According to a notice in the Federal Register, prescribing information, which is updated periodically, is currently distributed via paper or within the package from which a prescription drug is dispensed. However, the agency decided that because the paper form of the prescribing information can become outdated quickly, electronic distribution is necessary so the info can be updated in real-time.
“FDA is taking this action to ensure that the most current prescribing information for prescription drugs will be available and readily accessible to health care professionals at the time of clinical decisionmaking and dispensing,” the agency says.
Under the proposed rule, manufacturers would be required to submit the prescribing information to FDA, which would then post it on the Web site www.labels.fda.gov each and every time there is a change in the labeling. Manufacturers would also be required to review the labeling posted at FDA’s Web site to verify that the correct version of the labeling appears in the repository, and to promptly notify FDA if the correct version is not posted.
The proposed rule would require a product’s immediate container label and outside package to bear a statement directing health care professionals to FDA’s labeling repository to view the electronic version of prescribing information.
Manufacturers would also be required to set up a tollfree telephone number, maintained by the manufacturer, to receive requests for the manufacturer to send an emailed, faxed or mailed paper copy of the prescribing information. The manufacturer would be required to ensure the toll-free number service was available 24 hours a day, 7 days a week so prescribing information is accessible when Internet access is not available.

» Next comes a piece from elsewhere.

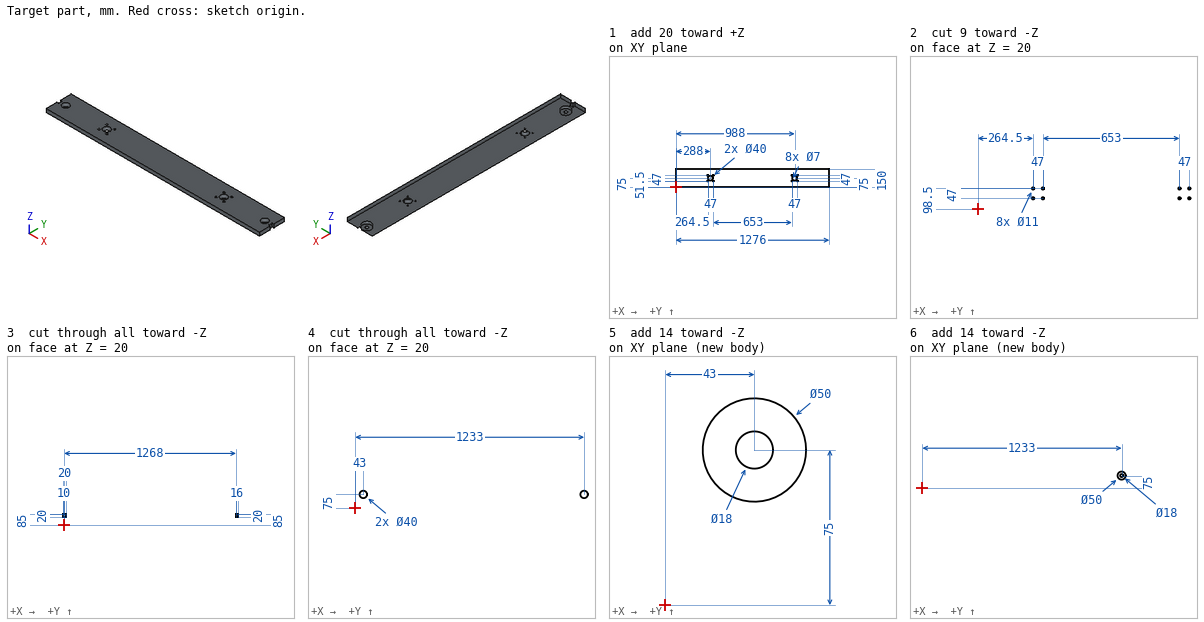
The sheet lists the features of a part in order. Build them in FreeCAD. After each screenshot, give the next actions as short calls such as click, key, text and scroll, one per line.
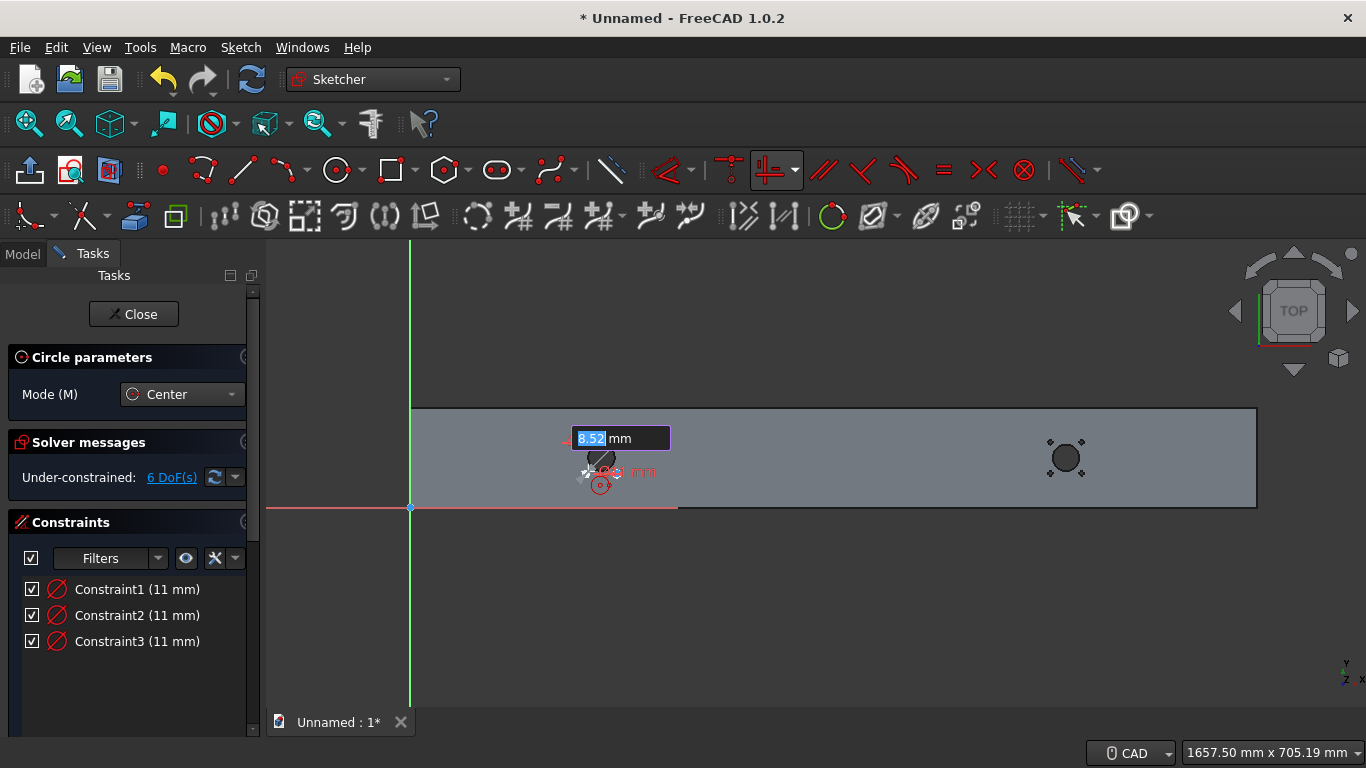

FDA notes that it may grant an exemption from the electronic distribution of labeling requirements when compliance could adversely affect the safety, effectiveness, purity, or potency of the drug, is not technologically feasible, or is otherwise inappropriate.
Examples of circumstances where it may be appropriate to exempt a product include a product intended for use in an emergency room or a product that may be stockpiled for an emergency.
The FDA estimates that the industry will save a net of between $5m and $73.5m because of the proposed rule. Manufacturers can provide comments on the proposal over the next 90 days.